I meant nothing like what you are saying:Sorry, I'm still not aware of any support for "toxicity" in the mechanism of metformin contributing to lactic acidosis, nor what is specifically meant by "toxicity". My lactic acidosis symptoms were definitely a result of taking metformin, but likely partially due to predisposing factors related to ME. If toxicity were the primary cause, lactic acidosis would be a much more common side-effect from metformin.
Metformin is known for producing Lactic acidosis to patients that are under predisposing factors (and ME is certainly one of them!).
However, Lactic acidosis occurs when hyperlactatemia is above 5 mmol/l + blood pH inferior to 7.35.
if these criterion are not met, we can only talk about hyperlactatemia.
It may be that Metformin is raising blood lactates of many patients that are not detected because they don't reach 5 mmol/l.

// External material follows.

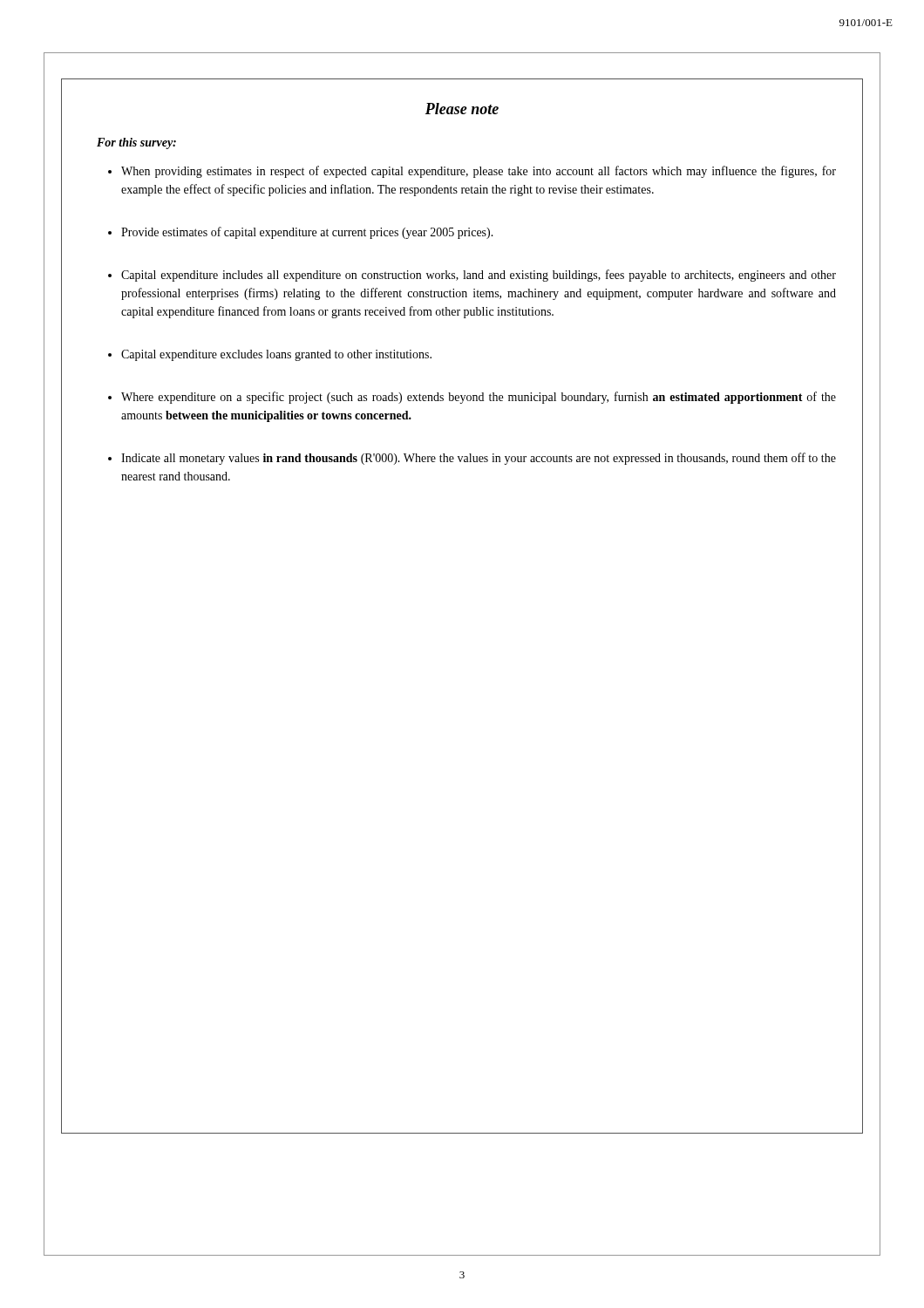
Task: Point to the block beginning "Provide estimates of capital expenditure at current"
Action: click(x=307, y=232)

If we look at mitochondria toxicity associated to nucleoside reverse transcriptase inhibitors (drugs against HIV), a study shows that:
"From 782 blood lactate determinations, we identified 65 (23%) patients with moderate hyperlactatemia and 5 (1.8%) with lactate concentrations >5 mmol/L (2 with severe lactic acidosis; 0.7%)."
We don't have similar study for Metformin that I am aware of, but for a very small percentage of patient affected with Lactic acidosis under Metformin, there may be much more patient with moderate hyperlactatemia, not detected by doctors...
I do have myself hyperlactatemia if I take Salicylates (known mitochondria toxic) or Azithromycin (not a known mitochondria toxic, but Macrolides are suspected to be mitochondria toxic), and I suppose that I was predisposed to have such reaction by my underlying health condition (maybe ME or maybe other, but no doctor ever find what it was).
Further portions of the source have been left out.